Top of Dataset records
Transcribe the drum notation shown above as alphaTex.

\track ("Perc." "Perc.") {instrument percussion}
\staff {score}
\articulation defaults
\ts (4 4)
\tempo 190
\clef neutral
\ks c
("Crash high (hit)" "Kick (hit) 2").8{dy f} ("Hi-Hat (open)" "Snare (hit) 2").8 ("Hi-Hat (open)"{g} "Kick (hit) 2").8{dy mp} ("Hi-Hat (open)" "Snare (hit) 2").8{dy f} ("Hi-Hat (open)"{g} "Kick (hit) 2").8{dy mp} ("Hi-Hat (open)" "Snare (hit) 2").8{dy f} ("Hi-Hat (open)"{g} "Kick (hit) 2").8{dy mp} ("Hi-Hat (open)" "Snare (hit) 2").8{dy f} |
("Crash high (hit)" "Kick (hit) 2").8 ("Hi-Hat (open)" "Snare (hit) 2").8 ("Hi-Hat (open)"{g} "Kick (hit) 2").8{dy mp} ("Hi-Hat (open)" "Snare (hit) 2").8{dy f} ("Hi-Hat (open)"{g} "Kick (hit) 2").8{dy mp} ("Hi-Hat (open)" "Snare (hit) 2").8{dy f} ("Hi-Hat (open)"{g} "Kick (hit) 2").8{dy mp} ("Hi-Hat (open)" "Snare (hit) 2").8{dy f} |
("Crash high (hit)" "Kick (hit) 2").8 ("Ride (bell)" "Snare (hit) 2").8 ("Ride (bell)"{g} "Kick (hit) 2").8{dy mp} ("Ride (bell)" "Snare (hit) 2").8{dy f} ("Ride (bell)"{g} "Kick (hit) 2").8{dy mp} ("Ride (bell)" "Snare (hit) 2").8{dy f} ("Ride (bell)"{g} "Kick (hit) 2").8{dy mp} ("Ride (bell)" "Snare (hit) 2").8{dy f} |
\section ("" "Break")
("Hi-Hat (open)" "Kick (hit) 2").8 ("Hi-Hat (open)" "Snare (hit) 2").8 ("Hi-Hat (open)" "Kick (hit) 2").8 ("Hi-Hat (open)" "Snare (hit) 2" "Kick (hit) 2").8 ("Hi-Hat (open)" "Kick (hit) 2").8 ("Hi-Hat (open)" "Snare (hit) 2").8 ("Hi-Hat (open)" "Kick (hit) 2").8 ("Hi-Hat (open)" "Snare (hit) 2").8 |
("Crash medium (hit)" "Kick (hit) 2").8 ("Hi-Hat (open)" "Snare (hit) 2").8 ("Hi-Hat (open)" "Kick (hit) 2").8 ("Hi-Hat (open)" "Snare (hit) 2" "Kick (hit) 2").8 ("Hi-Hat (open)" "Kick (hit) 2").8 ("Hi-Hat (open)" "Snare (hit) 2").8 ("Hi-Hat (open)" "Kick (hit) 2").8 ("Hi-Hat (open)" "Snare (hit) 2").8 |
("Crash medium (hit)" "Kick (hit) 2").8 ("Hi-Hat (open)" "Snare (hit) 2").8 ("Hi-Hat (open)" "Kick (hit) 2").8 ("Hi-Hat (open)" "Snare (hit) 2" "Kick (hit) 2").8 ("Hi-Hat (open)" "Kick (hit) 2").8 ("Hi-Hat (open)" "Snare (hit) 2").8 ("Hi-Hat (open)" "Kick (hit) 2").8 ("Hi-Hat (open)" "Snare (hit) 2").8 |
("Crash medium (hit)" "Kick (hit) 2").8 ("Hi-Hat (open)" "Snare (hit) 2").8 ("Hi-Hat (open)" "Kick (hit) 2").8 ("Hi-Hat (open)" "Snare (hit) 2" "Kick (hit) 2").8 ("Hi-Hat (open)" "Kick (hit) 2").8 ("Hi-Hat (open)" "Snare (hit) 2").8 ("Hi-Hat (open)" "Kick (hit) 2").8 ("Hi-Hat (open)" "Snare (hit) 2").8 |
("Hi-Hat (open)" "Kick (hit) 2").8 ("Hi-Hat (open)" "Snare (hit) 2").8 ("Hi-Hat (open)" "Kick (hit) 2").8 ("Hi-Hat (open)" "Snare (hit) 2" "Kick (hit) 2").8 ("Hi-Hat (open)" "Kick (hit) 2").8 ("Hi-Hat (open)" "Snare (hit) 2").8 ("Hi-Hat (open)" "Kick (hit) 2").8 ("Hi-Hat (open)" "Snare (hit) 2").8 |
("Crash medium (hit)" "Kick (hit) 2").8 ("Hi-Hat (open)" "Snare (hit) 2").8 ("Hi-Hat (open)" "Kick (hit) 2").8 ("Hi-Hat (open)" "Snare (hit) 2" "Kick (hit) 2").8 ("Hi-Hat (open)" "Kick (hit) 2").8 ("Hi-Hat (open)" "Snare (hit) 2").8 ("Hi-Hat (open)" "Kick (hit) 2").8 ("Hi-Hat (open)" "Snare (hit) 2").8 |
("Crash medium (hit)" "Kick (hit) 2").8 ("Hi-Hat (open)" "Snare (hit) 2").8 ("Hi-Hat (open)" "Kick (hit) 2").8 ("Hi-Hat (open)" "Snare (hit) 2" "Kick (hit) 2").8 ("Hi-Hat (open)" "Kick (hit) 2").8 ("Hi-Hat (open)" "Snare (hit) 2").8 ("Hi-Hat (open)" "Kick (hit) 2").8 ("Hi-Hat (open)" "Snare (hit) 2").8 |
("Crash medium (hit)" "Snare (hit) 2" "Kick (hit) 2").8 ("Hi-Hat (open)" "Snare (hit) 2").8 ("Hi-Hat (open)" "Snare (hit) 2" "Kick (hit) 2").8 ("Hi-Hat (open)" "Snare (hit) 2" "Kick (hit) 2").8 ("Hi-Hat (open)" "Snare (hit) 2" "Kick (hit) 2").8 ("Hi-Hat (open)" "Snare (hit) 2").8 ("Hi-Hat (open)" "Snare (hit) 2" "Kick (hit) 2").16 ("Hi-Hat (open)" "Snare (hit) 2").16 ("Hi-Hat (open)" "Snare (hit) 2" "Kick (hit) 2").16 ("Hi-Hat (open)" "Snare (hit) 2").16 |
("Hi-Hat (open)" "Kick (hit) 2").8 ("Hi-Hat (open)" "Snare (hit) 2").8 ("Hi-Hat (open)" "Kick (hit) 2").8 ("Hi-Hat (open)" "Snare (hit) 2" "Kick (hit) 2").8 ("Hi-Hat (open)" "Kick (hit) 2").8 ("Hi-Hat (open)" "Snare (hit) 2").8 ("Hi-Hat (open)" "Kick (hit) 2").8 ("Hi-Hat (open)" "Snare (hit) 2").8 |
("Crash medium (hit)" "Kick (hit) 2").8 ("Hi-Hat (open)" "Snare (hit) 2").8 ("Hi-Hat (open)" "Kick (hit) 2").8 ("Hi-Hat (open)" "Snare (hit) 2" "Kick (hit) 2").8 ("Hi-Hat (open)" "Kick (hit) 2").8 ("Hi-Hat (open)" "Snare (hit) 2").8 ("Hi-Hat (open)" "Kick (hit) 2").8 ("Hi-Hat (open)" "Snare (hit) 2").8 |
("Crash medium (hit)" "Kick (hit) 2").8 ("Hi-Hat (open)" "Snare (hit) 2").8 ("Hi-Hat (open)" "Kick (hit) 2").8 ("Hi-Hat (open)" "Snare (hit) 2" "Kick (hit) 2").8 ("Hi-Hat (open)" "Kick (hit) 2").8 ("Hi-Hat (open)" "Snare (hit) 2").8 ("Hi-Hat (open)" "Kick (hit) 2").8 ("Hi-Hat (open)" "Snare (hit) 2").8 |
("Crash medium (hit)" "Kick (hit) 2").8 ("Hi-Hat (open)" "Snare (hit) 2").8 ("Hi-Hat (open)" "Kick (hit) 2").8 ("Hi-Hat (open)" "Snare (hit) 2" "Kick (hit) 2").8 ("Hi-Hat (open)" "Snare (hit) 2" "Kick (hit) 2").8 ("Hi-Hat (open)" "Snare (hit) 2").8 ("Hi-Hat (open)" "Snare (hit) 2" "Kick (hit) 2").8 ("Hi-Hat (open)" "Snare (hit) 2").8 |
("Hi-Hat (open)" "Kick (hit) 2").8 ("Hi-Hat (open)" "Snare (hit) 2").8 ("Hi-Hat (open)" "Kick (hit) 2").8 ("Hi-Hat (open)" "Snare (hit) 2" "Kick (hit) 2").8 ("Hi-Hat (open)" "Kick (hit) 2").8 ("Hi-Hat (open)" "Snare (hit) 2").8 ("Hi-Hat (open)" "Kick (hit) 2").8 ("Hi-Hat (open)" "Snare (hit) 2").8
Bottom of Dataset records
[What you will do] Once you have read through the entries, say how many of their lines include the string "high" and give nothing but that number.

[Solution for this problem] 3